DHARAMSHALA, May 13: The United States Congressional-Executive Commission on China (CECC) released its 2023 Annual Report on May 10, detailing continued violation of human rights and rule of law in Tibet.

The 373-page report, released by U.S. Representative Christopher Smith (R-NJ) and Senator Jeff Merkley (D-OR) of the bipartisan and bicameral CECC. CECC Chair Smith remarked, “The Annual Report sets the standard in terms of documenting the People’s Republic of China’s failure to abide by human rights norms and in holding Xi Jinping and the Chinese Communist Party accountable for their repeated and sustained atrocities and crimes against humanity – up to and including that most pernicious of human rights violations, genocide.”

New to the report is a chapter titled “Technology-Enhanced Authoritarianism,” recognising the role of technology in surveillance and repression. The report documents harassment campaigns against U.S. citizens by PRC agents, global brands’ complicity in forced labour, and the misuse of national security laws to suppress rights.

In the Commission’s report for the 2023 reporting year, it was highlighted that Chinese Communist Party and government officials championed the “integration” of occupied people, persisting with the enforcement of policies that undermine the rights of Uyghurs, Tibetans, Mongols, Hui, and other so called ethnic minority groups to preserve their languages and cultures. The election of Pan Yue to the Party Central Committee in October 2022, after his appointment to the State Ethnic Affairs Commission in June 2022, signalled the probable continuity of Chinese leader Xi Jinping’s assimilation and “ethnic fusion” policies.

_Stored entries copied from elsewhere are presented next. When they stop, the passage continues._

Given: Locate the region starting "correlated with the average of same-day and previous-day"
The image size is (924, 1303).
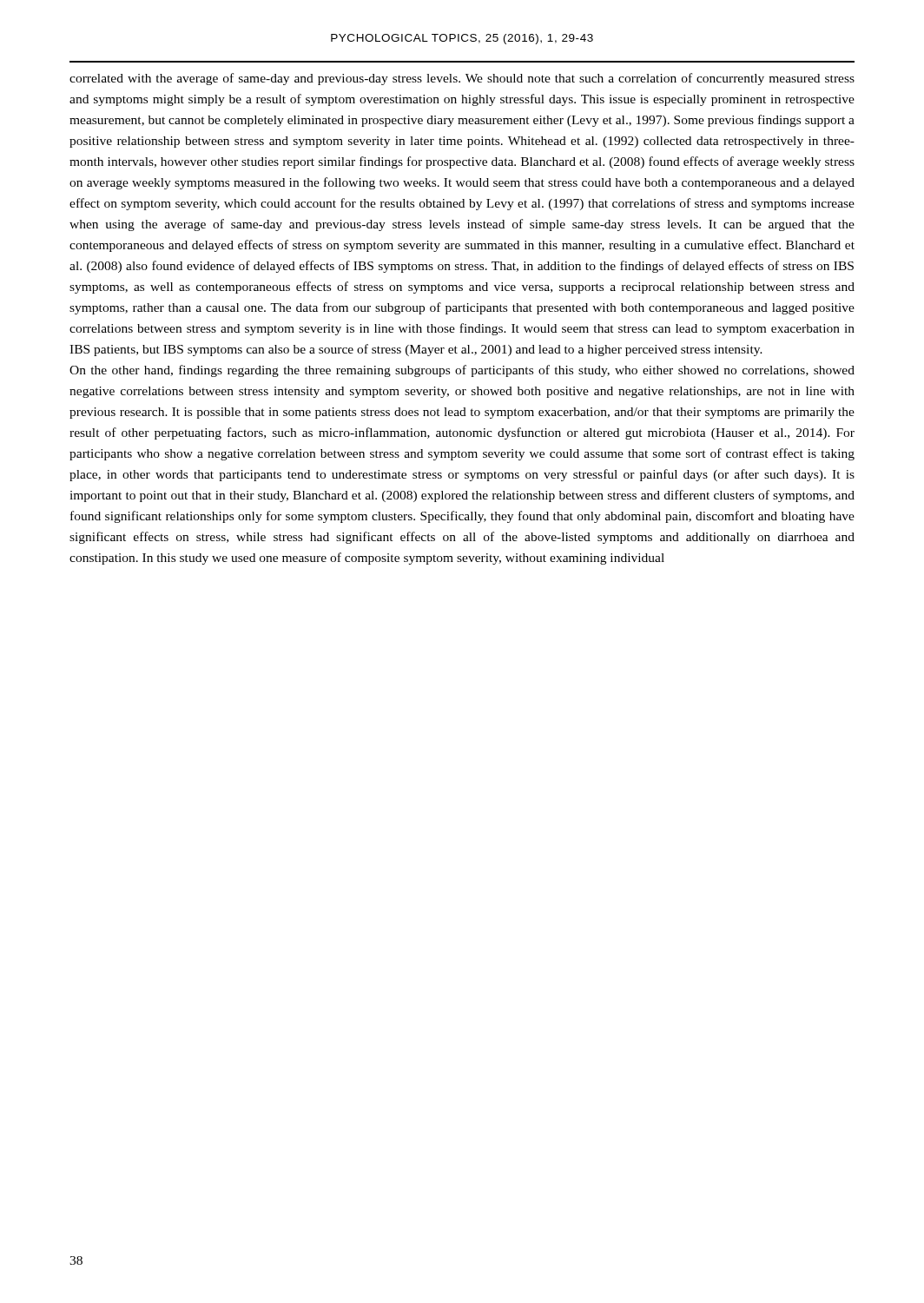Looking at the screenshot, I should (x=462, y=214).
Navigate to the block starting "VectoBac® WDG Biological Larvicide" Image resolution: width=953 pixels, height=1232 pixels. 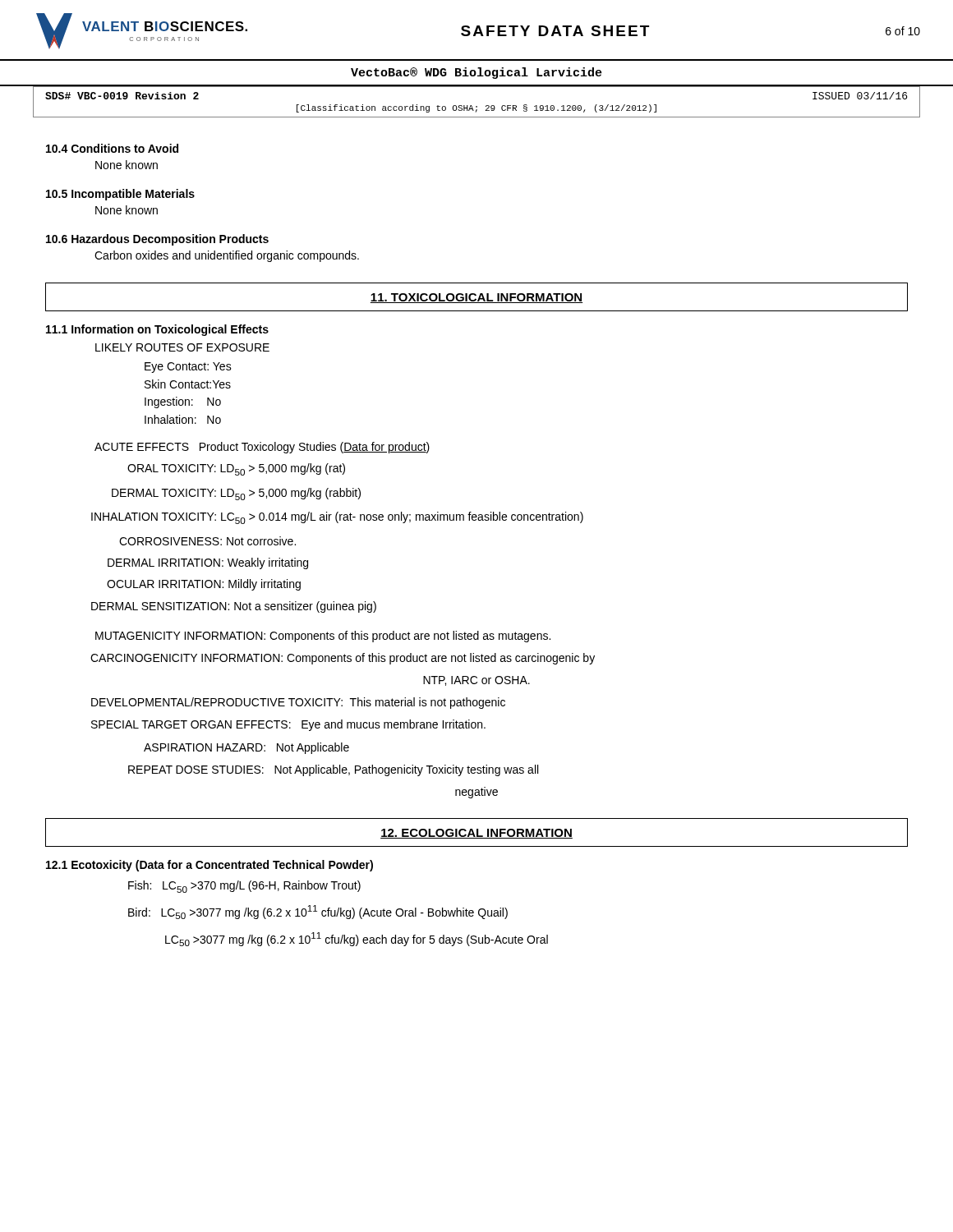pos(476,73)
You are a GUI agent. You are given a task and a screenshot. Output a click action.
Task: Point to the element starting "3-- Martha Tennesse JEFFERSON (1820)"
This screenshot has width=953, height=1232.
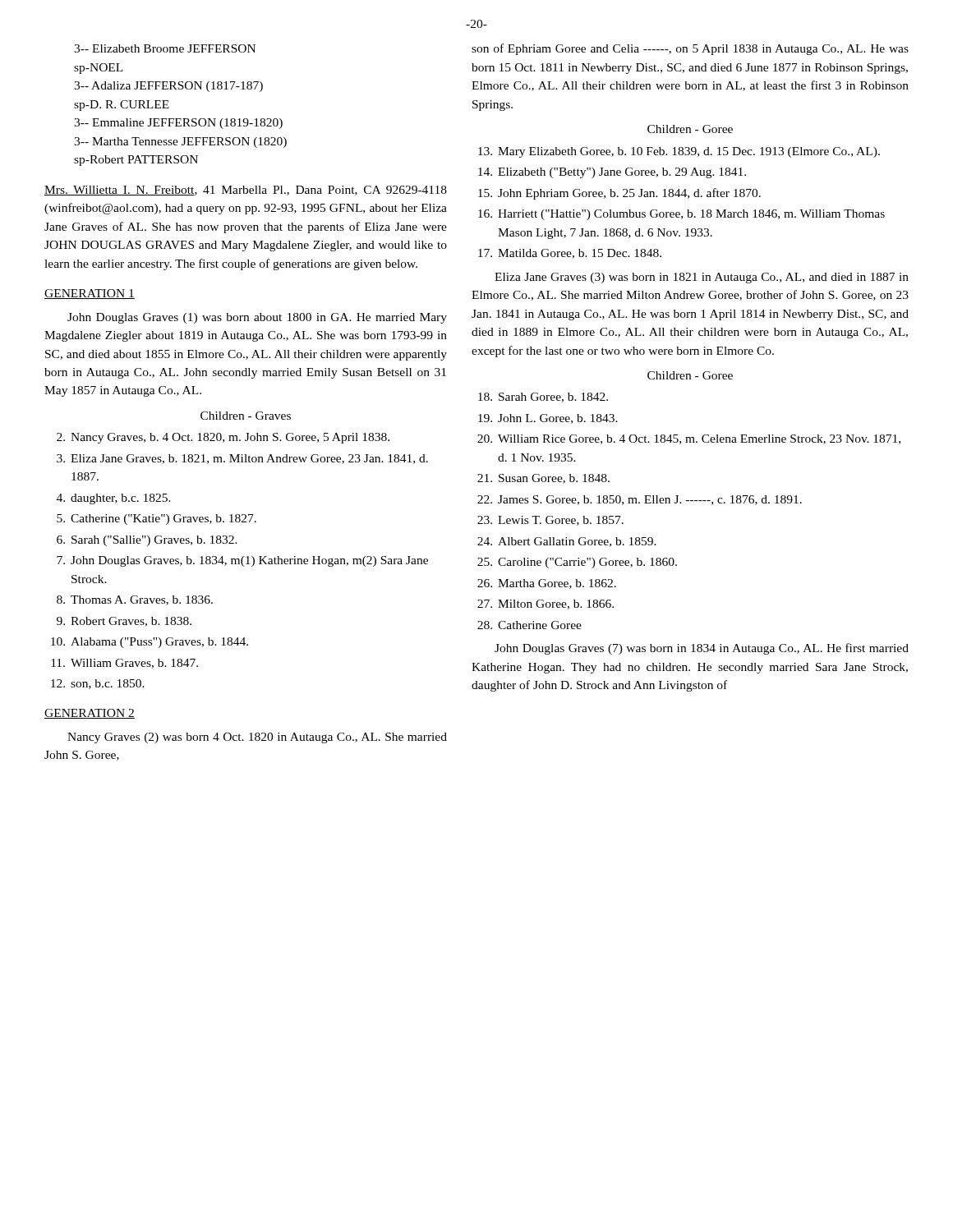click(x=181, y=141)

The report provided an overview of conditions in all regions occupied by China, including Tibet. Notable observations emerged from the assessment of Tibet’s situation, Firstly, it highlighted the absence of any apparent interest from People’s Republic of China (PRC) officials in resuming formal negotiations with the Dalai Lama’s representatives, with the last round of talks occurring in January 2010. Furthermore, it revealed the continued efforts of the PRC to restrict and control the religious practices of Tibetans, predominantly adherents of Tibetan Buddhism. These restrictions included prohibitions on religious worship during important events and politically sensitive anniversaries, alongside constraints on accessing religious institutions like Tibetan Buddhist monasteries and temples. Moreover, the PRC maintained control over the process of selecting and recognizing Tibetan Buddhist reincarnated teachers, including the Dalai Lama.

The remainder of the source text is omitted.